In the western world today, they have invested in perfecting expensive methods of curtailing outbreaks and treating diseases. To Africa’s shame, our leaders have been hopeless; hopelessly embezzling all the capital that African states should have used to advance its health-care system; and while they have spent time dancing and swallowing billions of dollars for the state, diseases, crime, terror and other crises have not waited but have advanced as much as modern innovation has permitted. While African leaders today do elaborate opening ceremonies when they build ordinary roads and establish train networks, the world has advanced in leaps and bounds in disease management and also in type of deadly germs.

Ebola has plagued Africa for 4 decades. Africa has no hope of dealing with it and waits for the west to look into our problem for us. Our leaders invest nothing into directing the proper healthcare preventive measures which are cheap to establish or in investing in and sponsoring appropriate research into more complex levels of disease management.
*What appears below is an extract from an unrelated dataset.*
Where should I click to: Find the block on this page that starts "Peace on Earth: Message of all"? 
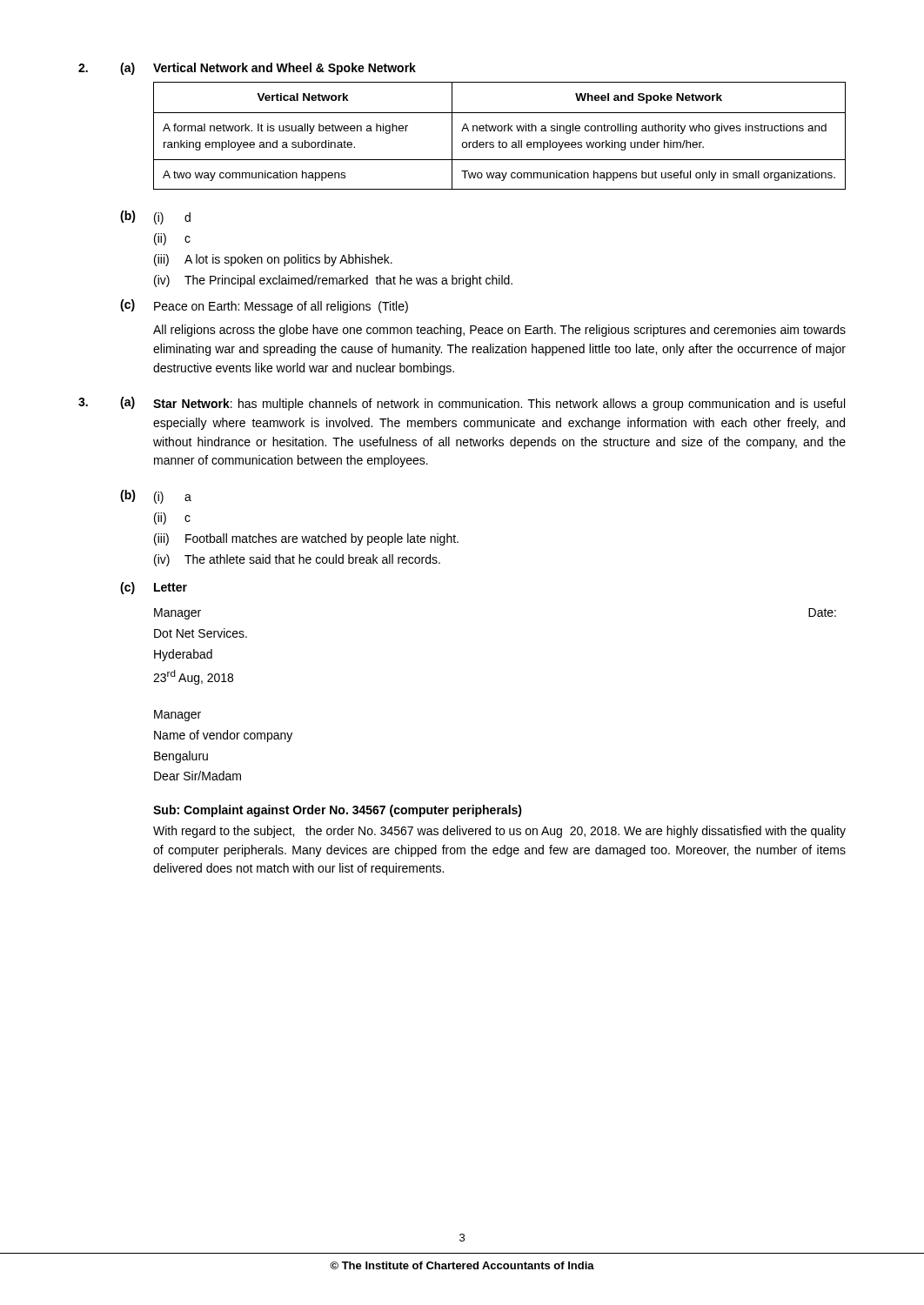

We embrace the cultural dangers and advanced risk habits from Europe, but are denied the associated health and social wealth checks they have. African leaders and government cabal ‘business’ tycoons have the most private jets in the world, but the people have the least health-care expenditure per capita, per person – less than $100/year/person in Africa compared to more than $8000 in the US.

We call to Europe to help. We run to France, to America to set up regional collaborations among us to tackle terror; we run to them to decide how we must manage Ebola.

It is to our shame in Africa; and it’s not just our leaders whose heads should be in the ground, but us all.